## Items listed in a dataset
★ ★ ★ ★ ★ ★ ★
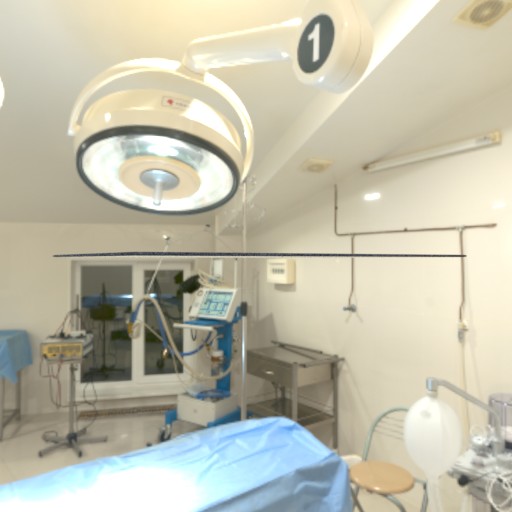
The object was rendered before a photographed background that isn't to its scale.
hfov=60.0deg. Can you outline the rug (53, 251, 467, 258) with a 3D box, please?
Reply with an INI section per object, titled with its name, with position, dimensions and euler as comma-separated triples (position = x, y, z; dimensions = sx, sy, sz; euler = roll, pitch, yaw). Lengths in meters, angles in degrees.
[rug]
position = 0.000, 0.000, 4.272
dimensions = 3.245, 0.024, 2.385
euler = 0, 0, -34
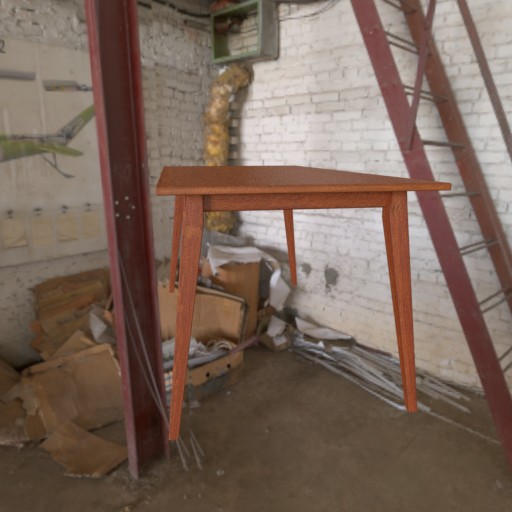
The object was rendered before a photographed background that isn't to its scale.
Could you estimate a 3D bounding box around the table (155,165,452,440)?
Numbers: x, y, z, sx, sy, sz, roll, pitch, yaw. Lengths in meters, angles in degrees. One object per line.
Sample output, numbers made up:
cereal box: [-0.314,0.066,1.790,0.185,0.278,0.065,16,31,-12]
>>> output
table: [0.000,0.000,2.018,0.811,0.755,1.609,-2,14,-10]
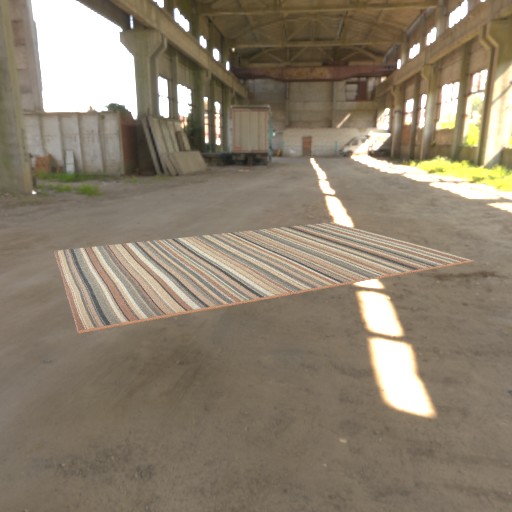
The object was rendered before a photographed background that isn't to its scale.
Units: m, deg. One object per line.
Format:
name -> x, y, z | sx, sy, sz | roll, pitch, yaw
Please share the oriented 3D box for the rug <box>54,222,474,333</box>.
rug -> 0.000, 0.000, 3.025 | 2.438, 0.014, 1.523 | -8, 17, -26
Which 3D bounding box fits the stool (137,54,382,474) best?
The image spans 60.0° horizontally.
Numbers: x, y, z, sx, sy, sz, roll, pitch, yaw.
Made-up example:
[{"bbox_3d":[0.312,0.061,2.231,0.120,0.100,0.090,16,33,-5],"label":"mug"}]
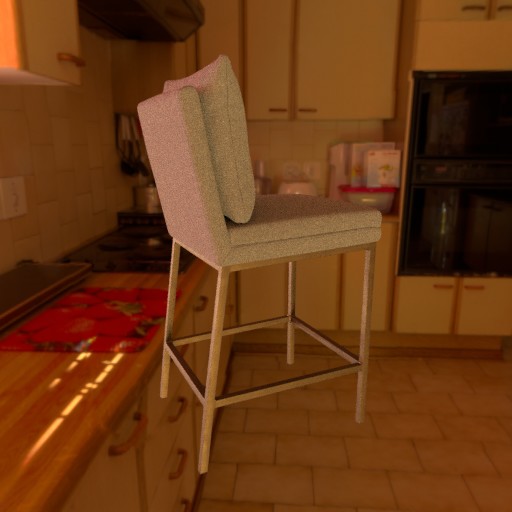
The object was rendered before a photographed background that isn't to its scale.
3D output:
[{"bbox_3d":[0.000,0.000,1.337,0.569,1.031,0.463,-7,16,-25],"label":"stool"}]
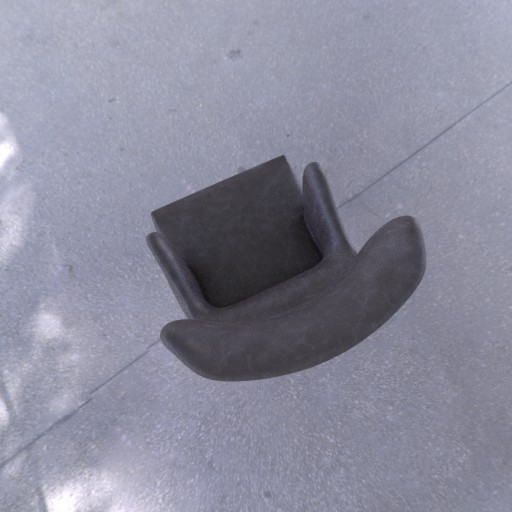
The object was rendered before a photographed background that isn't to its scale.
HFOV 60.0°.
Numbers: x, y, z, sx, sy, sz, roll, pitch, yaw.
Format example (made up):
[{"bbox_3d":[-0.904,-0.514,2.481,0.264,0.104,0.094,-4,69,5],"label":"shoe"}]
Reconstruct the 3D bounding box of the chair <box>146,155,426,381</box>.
[{"bbox_3d":[0.000,0.000,1.424,0.594,1.037,0.717,-25,78,-6],"label":"chair"}]
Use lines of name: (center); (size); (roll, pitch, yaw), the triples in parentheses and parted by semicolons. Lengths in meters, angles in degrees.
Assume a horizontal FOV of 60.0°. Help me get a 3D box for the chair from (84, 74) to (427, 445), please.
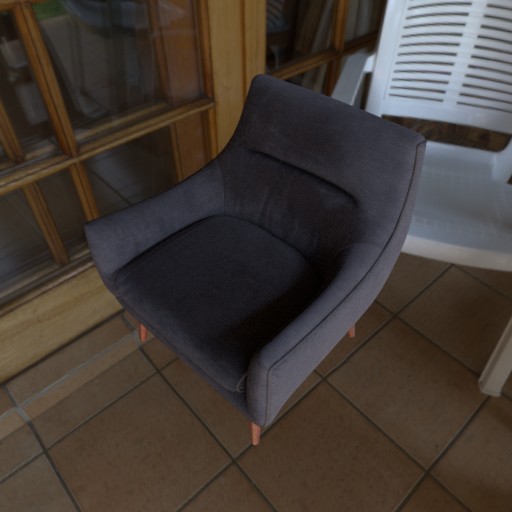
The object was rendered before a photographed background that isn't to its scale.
chair: (0.000, 0.000, 1.458); (0.762, 0.838, 0.787); (33, 54, 28)
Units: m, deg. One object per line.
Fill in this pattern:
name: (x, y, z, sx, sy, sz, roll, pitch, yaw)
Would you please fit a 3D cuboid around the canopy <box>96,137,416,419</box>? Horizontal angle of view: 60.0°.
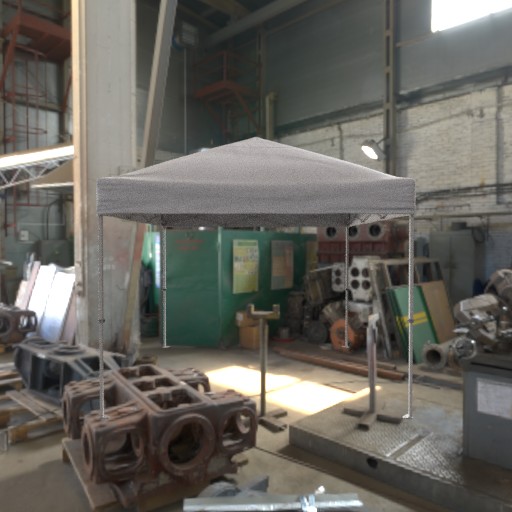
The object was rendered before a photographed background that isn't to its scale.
canopy: (0.000, 0.000, 5.622, 2.998, 2.997, 2.996, 0, 1, 0)
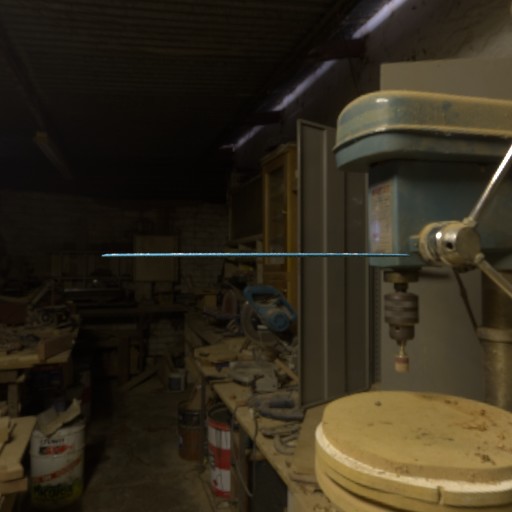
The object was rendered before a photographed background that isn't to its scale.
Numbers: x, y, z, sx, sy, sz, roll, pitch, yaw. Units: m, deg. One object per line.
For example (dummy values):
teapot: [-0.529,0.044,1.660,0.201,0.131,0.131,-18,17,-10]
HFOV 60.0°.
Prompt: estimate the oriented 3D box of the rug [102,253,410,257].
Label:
rug: [0.000,0.000,2.424,1.593,0.012,1.593,0,0,0]
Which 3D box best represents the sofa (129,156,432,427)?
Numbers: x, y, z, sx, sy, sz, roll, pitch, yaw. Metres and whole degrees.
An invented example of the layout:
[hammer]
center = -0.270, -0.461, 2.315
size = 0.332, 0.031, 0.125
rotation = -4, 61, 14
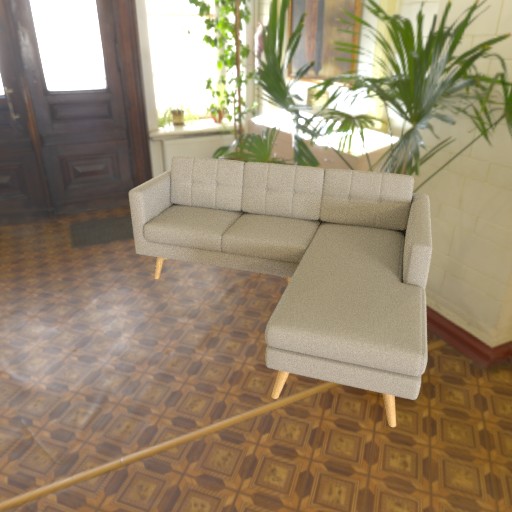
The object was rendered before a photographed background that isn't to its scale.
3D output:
[sofa]
center = 0.000, 0.000, 2.813
size = 2.040, 0.860, 1.530
rotation = 8, 27, 16
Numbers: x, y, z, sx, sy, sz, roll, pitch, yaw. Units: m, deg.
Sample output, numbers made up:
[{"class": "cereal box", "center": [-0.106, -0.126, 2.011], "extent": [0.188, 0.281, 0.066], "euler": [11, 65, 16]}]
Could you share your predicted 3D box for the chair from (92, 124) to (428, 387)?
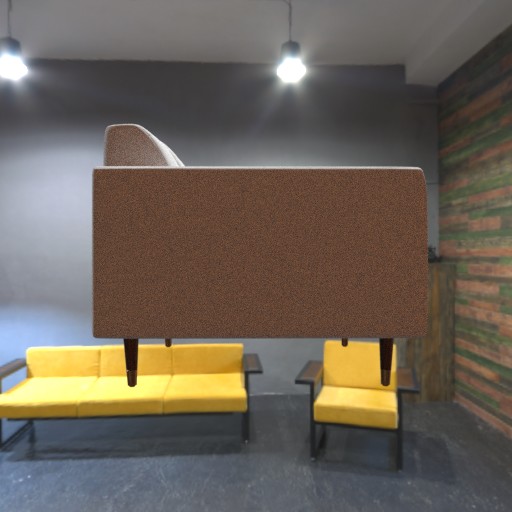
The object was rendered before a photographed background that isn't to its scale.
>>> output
[{"class": "chair", "center": [0.000, 0.000, 1.701], "extent": [0.998, 0.819, 0.953], "euler": [0, 0, -1]}]
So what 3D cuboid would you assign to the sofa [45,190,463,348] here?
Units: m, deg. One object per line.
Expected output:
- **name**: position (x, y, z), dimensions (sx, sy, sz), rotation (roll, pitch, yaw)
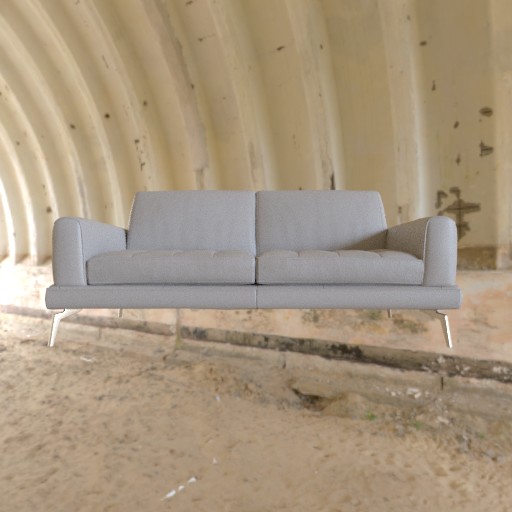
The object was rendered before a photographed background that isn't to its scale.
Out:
- **sofa**: position (0.000, 0.000, 2.787), dimensions (2.177, 0.930, 1.121), rotation (0, 0, 1)
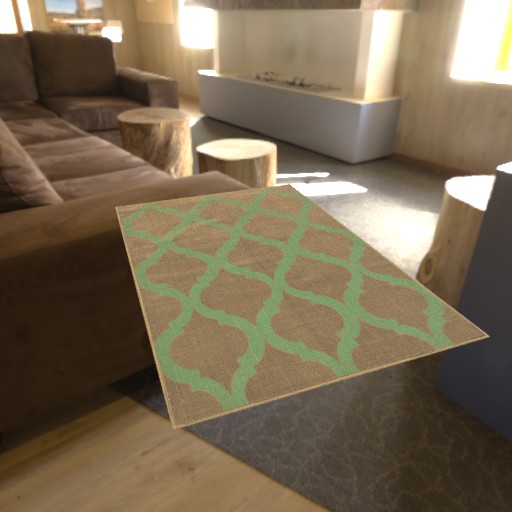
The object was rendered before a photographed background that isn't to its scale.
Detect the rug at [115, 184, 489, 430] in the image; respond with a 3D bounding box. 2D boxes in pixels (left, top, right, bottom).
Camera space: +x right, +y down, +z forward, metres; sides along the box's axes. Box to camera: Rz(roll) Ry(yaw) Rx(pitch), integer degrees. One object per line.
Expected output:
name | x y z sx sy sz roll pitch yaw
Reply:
rug | 0.000 0.000 2.819 1.524 0.006 2.286 -10 31 -18
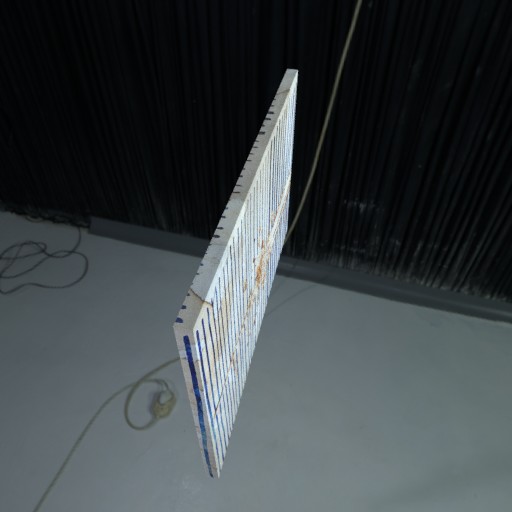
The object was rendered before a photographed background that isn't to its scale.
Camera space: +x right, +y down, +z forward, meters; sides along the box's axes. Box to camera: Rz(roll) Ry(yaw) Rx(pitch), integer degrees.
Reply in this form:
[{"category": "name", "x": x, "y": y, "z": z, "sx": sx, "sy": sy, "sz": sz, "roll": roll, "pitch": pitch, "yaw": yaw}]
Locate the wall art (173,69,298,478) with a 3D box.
[{"category": "wall art", "x": 0.000, "y": 0.000, "z": 1.164, "sx": 0.030, "sy": 0.609, "sz": 0.919, "roll": 9, "pitch": 46, "yaw": 9}]
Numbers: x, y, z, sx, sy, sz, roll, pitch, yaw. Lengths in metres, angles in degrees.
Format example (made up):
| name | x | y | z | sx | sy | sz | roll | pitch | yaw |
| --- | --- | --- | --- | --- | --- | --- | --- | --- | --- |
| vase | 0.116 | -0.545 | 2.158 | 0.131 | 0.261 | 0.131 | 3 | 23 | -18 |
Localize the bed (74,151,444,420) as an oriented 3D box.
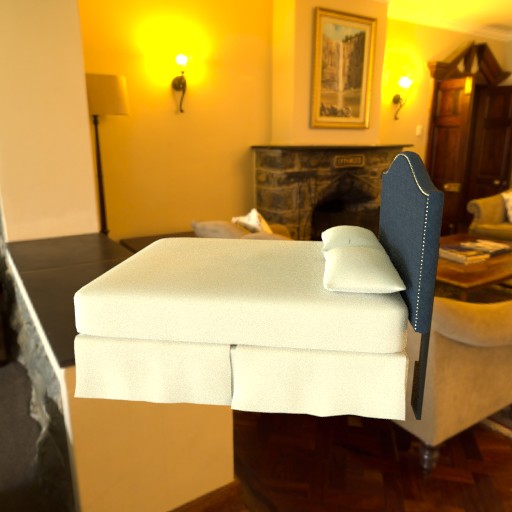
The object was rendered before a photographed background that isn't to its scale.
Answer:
| name | x | y | z | sx | sy | sz | roll | pitch | yaw |
| --- | --- | --- | --- | --- | --- | --- | --- | --- | --- |
| bed | 0.000 | 0.000 | 3.275 | 2.153 | 1.518 | 1.713 | 2 | 15 | 7 |
★ ★ ★ ★ ★ ★ ★
## Exercise instructions
Only the number is wanted: count the lines of the records that hold the word "this".

## Response to the task
2